At least I can say that I’ve tried
To tell you I’m sorry for breaking your heart
But it don’t matter, it clearly doesn’t tear you apart anymore

Just gonna go cry now.

Lizzo: Elizabeth Bennet

Look, it’s not because their names are similar. OK, that’s a little bit part of it. But Lizzo’s real name is Melissa, not Elizabeth, so I don’t think that should count. To me, Lizzo radiates Lizzy Bennet energy. Just like Elizabeth, Lizzo is fully herself, at all times. Both display warranted disdain for men (“Why men great till they gotta be great?” / “What are men to rocks and mountains?”). And in “Truth Hurts,” Lizzo expresses a very Lizzy-like, deep, innate value of herself, and refusal to let anyone else devalue her.

I will never ever ever ever ever be your side chick
I put the sing in single
Ain’t worried ’bout a ring on my finger

I feel like these lyrics from “Good As Hell” are something Lizzy would say to Jane:

Boss up and change your life
You can have it all, no sacrifice
I know he did you wrong, we can make it right
So go and let it all hang out tonight

I also don’t know of anyone who doesn’t like either of these bad bitches.
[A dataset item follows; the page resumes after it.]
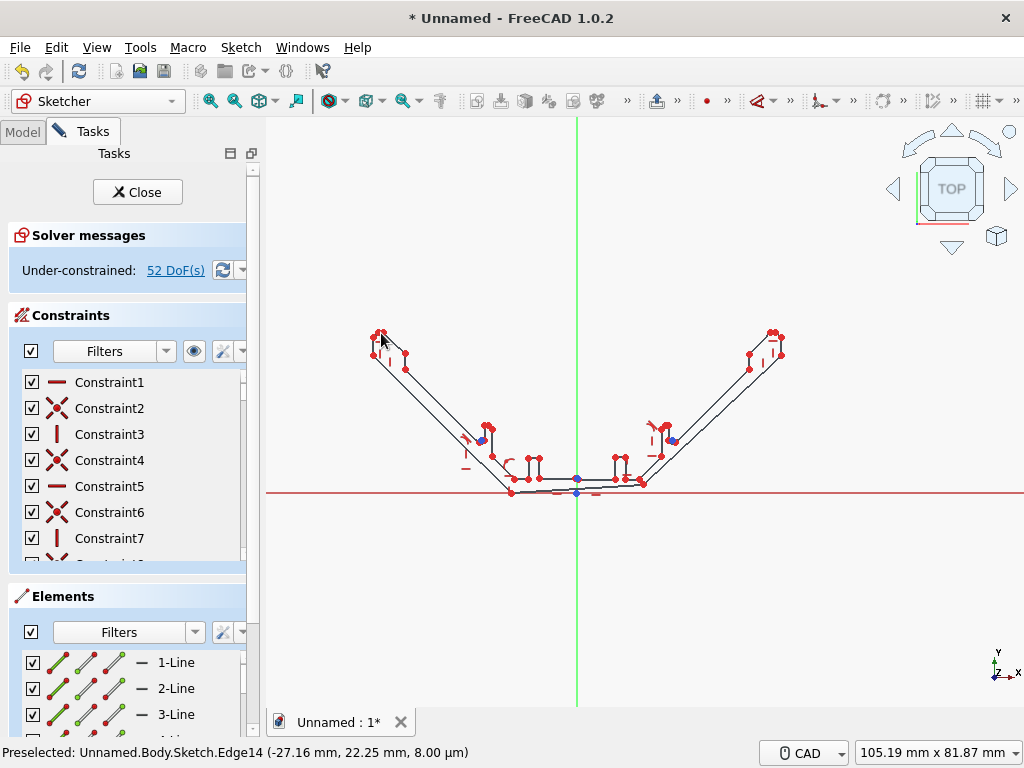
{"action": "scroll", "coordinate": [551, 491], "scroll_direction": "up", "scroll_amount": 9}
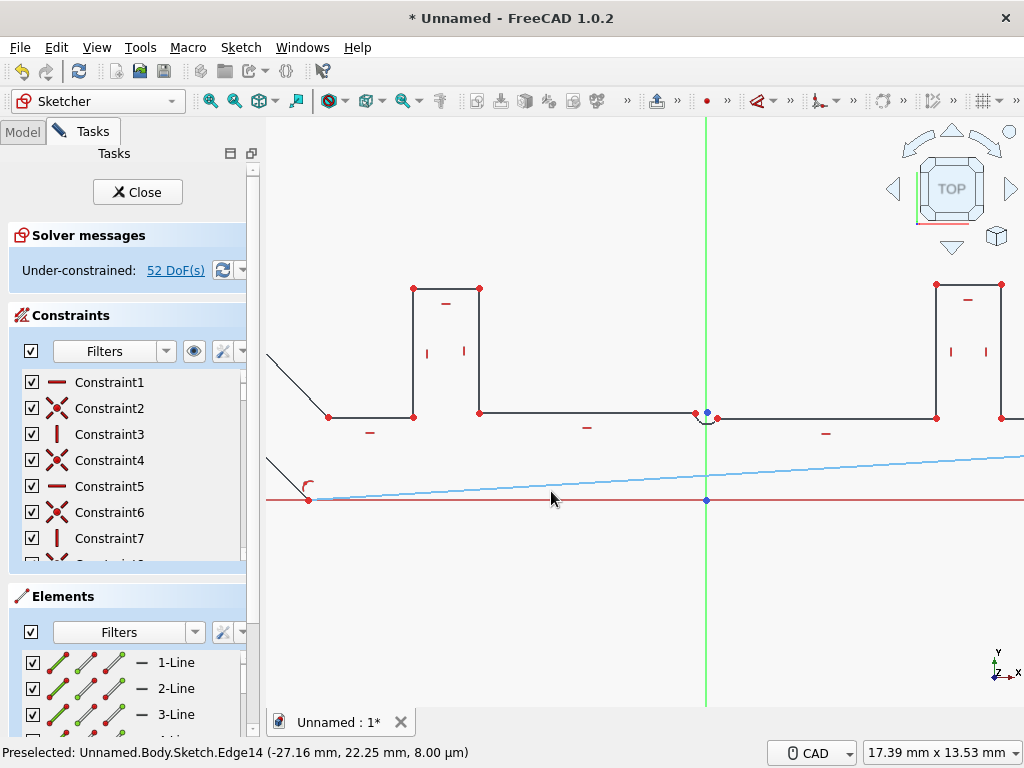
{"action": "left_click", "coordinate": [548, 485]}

Olivia Rodrigo: Catherine Morland

This one is a little more of an abstract connection, but stick with me. Good songwriters are good storytellers, and Olivia Rodrigo definitely has a flair for telling a compelling story, much like Catherine Morland lives in the stories she loves to read. Catherine has also always felt very much like a real teenager to me, and I think Rodrigo’s music captures so much about the universal experiences of teenhood so accurately. These lyrics from “Brutal” perfectly sum up how I felt at 17, when I was hardcore identifying with Catherine Morland:

And I’m so sick of 17
Where’s my fucking teenage dream?
If someone tells me one more time
“Enjoy your youth, ” I’m gonna cry

Rihanna: Elinor Dashwood

Elinor Dashwood really did find love in a hopeless place. While it’s hard to imagine the “sense” of Sense and Sensibility having a career as a pop/r&b/dance music recording artist, I think a lot of Rihanna’s music expresses a sensibility (see what I did there?) that gives me an Elinor vibe. “Umbrella,” the weather-friendly hit that’s been covered at least 10 times, expresses a sense of loyalty and steadfastness that Elinor would claim proudly. Guys, Elinor is Marianne’s umbrella… “Work,” as much as the song itself is a little musically boring IMO (well, Drake is involved, so of course it’s boring, I said what I said), also has some Elinor energy in the lyrics:

All that I wanted from you was to give me
Something that I never had
Something that you’ve never seen
Something that you’ve never been, mmh
But I wake up and act like nothing’s wrong

Oh, Elinor.

Well, how did I do? Which pop stars did I miss that you wanted to see? Who do you think their inner Jane Austen heroines are? Also, any ideas about which pop singers could be Charlotte Heywood or Lady Susan? Let me know in the comments!